Gene and the others stared at him for a moment, then slow smiles began spreading across their faces. “The devil?” Gene said. “Now, come on, Cole. Joke’s over, man.”

  Their smiles began fading as they looked into the serious faces of the others.

  Gene tried one more time. “What have you folks been smoking, those left-handed cigarettes?”

  Loud music suddenly shattered the night. The voice of Tex Williams, singing “Smoke, Smoke, Smoke That Cigarette!”

  Harry Slayden dropped his coffee cup as the others looked wildly all around them.
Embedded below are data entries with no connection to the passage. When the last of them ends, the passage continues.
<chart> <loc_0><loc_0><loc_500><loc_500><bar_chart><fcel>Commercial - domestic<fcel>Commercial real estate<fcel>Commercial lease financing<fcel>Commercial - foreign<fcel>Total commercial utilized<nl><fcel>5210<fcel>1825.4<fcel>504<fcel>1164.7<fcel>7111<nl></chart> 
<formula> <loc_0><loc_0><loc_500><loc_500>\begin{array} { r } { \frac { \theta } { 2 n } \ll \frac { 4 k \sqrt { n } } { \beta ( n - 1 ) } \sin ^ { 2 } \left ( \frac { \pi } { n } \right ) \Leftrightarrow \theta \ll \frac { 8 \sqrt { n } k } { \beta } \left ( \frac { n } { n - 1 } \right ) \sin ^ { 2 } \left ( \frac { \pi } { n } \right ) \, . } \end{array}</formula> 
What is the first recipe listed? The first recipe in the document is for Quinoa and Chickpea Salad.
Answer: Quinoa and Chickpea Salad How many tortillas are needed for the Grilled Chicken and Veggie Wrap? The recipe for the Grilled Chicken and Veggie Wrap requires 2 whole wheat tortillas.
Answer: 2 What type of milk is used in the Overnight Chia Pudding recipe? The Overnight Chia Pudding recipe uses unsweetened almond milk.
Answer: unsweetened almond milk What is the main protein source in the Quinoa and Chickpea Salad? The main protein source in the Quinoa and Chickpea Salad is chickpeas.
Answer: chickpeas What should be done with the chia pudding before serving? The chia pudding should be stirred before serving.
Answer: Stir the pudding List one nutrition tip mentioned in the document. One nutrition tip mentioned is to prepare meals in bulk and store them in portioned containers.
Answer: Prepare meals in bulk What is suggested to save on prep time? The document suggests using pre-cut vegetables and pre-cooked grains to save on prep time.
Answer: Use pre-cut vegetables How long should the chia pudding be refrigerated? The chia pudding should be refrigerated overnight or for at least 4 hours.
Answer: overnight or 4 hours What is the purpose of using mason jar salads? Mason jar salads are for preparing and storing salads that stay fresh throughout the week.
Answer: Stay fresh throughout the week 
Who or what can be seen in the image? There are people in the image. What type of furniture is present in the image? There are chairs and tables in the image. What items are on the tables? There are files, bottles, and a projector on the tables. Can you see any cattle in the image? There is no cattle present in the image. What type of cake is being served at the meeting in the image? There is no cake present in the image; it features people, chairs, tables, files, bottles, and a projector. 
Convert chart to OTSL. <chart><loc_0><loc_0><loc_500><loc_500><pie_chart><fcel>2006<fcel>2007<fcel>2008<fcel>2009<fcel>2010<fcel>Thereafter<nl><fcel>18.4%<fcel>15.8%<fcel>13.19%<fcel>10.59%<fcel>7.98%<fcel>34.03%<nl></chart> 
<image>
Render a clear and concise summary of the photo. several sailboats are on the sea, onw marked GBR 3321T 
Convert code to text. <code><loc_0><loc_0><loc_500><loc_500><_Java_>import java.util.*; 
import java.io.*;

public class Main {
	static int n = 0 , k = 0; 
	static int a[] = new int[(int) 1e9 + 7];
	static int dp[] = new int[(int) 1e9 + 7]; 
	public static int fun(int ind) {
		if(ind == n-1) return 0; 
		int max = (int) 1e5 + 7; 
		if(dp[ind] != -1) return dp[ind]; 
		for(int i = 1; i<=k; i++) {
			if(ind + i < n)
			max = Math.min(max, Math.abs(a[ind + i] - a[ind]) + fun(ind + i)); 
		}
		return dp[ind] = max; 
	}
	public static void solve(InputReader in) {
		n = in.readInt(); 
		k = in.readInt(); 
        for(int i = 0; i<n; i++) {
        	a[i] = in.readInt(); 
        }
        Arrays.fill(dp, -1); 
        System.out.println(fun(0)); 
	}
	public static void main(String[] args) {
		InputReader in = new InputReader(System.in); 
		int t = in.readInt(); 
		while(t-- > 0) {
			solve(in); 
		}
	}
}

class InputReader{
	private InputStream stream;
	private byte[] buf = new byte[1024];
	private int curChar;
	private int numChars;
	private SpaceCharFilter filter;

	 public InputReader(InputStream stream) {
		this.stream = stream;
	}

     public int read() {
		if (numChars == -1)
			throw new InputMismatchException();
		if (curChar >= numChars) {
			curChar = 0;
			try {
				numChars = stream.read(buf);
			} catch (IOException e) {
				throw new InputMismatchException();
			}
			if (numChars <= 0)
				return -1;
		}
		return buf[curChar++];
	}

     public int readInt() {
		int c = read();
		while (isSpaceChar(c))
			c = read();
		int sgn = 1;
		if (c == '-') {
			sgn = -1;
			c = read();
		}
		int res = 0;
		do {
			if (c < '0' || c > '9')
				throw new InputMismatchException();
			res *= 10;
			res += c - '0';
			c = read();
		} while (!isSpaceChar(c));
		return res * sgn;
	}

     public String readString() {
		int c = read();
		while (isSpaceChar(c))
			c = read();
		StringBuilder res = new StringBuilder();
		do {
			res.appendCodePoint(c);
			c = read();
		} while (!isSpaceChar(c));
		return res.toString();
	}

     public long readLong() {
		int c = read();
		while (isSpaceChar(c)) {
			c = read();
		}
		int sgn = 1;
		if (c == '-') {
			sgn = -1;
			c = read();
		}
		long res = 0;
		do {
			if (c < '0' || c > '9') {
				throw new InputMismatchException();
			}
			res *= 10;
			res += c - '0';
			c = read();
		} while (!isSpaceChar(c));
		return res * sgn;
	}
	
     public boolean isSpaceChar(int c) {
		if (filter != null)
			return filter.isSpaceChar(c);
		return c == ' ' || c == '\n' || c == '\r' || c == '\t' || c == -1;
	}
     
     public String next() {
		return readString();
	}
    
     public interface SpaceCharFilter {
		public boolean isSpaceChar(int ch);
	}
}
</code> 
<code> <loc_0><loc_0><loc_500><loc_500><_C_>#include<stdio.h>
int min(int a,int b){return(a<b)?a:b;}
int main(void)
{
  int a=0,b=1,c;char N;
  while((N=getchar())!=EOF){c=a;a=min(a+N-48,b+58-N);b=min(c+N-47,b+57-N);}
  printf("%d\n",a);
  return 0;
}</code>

  “I don’t believe it,” Gene said, then closed his mouth as Tina grabbed his hand and held on.

  “Never doubt me, you shaggy-looking weirdo,” the heavy voice boomed out of the night.

  Gene’s mouth dropped open in undisguised shock.

  “Did you folks have a nice trip from the mountains?” the voice asked.

  “Just lovely,” Hank replied, pouring himself another cup of coffee. “Now why don’t you go away and peddle your poison somewhere else?”

  “Why don’t you stick that coffee cup up your rooty-tooty, you psalm-singing dick-head?” the voice came right back.

  “What’s the matter?” Hank asked. “You seem a bit edgy this evening. Things aren’t going as you planned, maybe?”

  “Things, as you put it, are going exactly as I planned. And I think you know that.”

  “Making a mockery out of God’s word, you mean? Creating dangerous zealots out of good people?”

  There was no reply.

  “Are you still hanging around, you cosmic asshole?” Hank called.

  Nothing.

  The group was silent for a moment, then Gene blurted, “Jesus Christ!”

  “I wish,” Hank said, standing up and stretching. “I’m going to bed.”

  When the camp was awakened the next morning by Cole, who always stood the dog watch, Bob King was gone.

  * * *

  Jane King was in the truck, crying into a handkerchief, her husband stalking around angrily, while the others were packing up.